I'm running two timers on STM32F303 which do square wave output on two hardware pins. They are clocked by the 72MHz internal clock. They count down to 0 and reload from ARR register, which sets the output frequency. The two timers run perfectly syncronous, i.e the CNT registers of the timers have a constant offset.

Then I permanently have to switch the frequency for both timers by modifying the ARR registers.  As a result the CNT registers of the two timers begin to slip, i.e. the offset is changing.

I suspect the following: I modify the two ARR registers consecutively. I check for CNT counters to be high enough so no reload takes place while modifying the ARR registers.  Maybe an interrupt happens in between ARR update for the first counter and ARR update for the second counter. So one CNT register is updated from the old ARR value, the other from the new one. So the two counter values begin to slip.

 

I use the eval board for STM32F303 and initialize all to the default values with CubeIDE12. I hope and I'm quite sure I killed all interrupt sources, but there are hidden corners in CubeIDE. When I check the runtime of an arbitrary set of code I get changing numbers of systicks for that code. I'm running the board over the USB debug setup from the host, so the debug may kick in with interrupts.

 

How can I switch off all interrupt, especially with regard to CubeIDE and debug mode from host?

 

Thank you.

Cheers

Detlef

 

2 REPLIES 2
MasterT
Lead

If I need two timers in sync, than configure both of them in slave mode and add one more Master timer. Than to do PWM reconfig,  I stopped master timer, change two slaves configuration, and than start master.

TDK
Guru

__disable_irq() will globally disable all interrupts. It would be fine to call this while you update the registers.

__disable_irq();
TIM1->ARR = xxx;
TIM2->ARR = xxx;
__enable_irq();

You should re-check to ensure TIM1->CNT is in the appropriate range after you disable interrupts and before you set ARR.
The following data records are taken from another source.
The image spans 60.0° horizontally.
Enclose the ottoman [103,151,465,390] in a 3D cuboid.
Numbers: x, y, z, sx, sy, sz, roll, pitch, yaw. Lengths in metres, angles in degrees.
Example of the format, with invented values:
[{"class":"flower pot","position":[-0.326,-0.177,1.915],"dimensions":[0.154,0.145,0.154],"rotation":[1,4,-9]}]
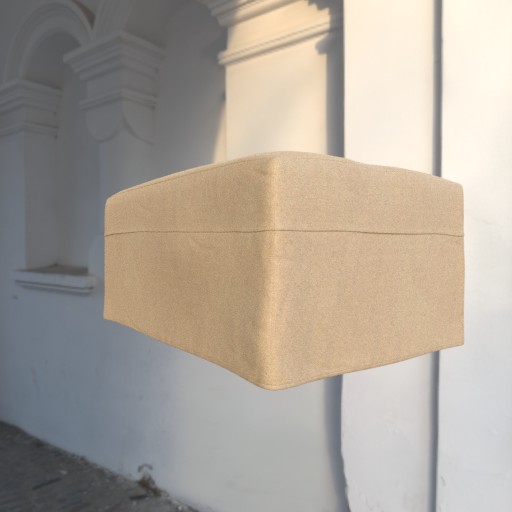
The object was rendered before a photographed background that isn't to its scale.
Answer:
[{"class":"ottoman","position":[0.000,0.000,1.196],"dimensions":[0.590,0.444,0.872],"rotation":[-1,2,-36]}]
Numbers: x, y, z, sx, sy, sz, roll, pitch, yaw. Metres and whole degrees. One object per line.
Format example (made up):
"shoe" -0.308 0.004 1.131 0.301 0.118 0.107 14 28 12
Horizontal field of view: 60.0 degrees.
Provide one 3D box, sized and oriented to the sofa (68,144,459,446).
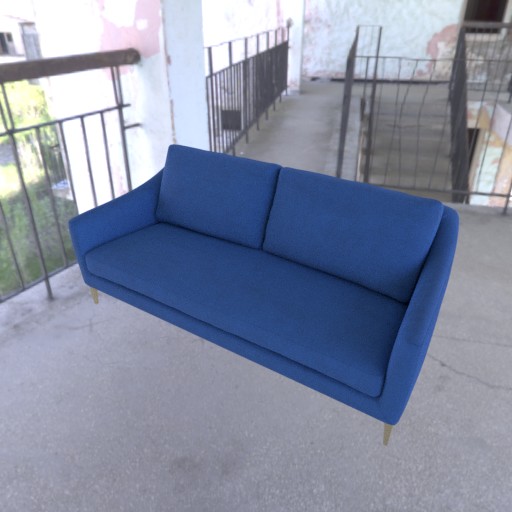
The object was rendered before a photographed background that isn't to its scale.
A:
"sofa" 0.000 0.000 2.485 2.036 0.903 0.960 18 34 29

Using systick to time events isn't the most precise thing. And it will be invalid if you have interrupts disabled. It would be better to use DWT->CYCCNT or a 32-bit timer.

Your method for resetting the timers should work. If they're upcounting, which is typical, you would wait for them to overflow (i.e. have a low CNT), then update. If you know which one is behind the other, and they're only off by a few counts, this should be straightforward.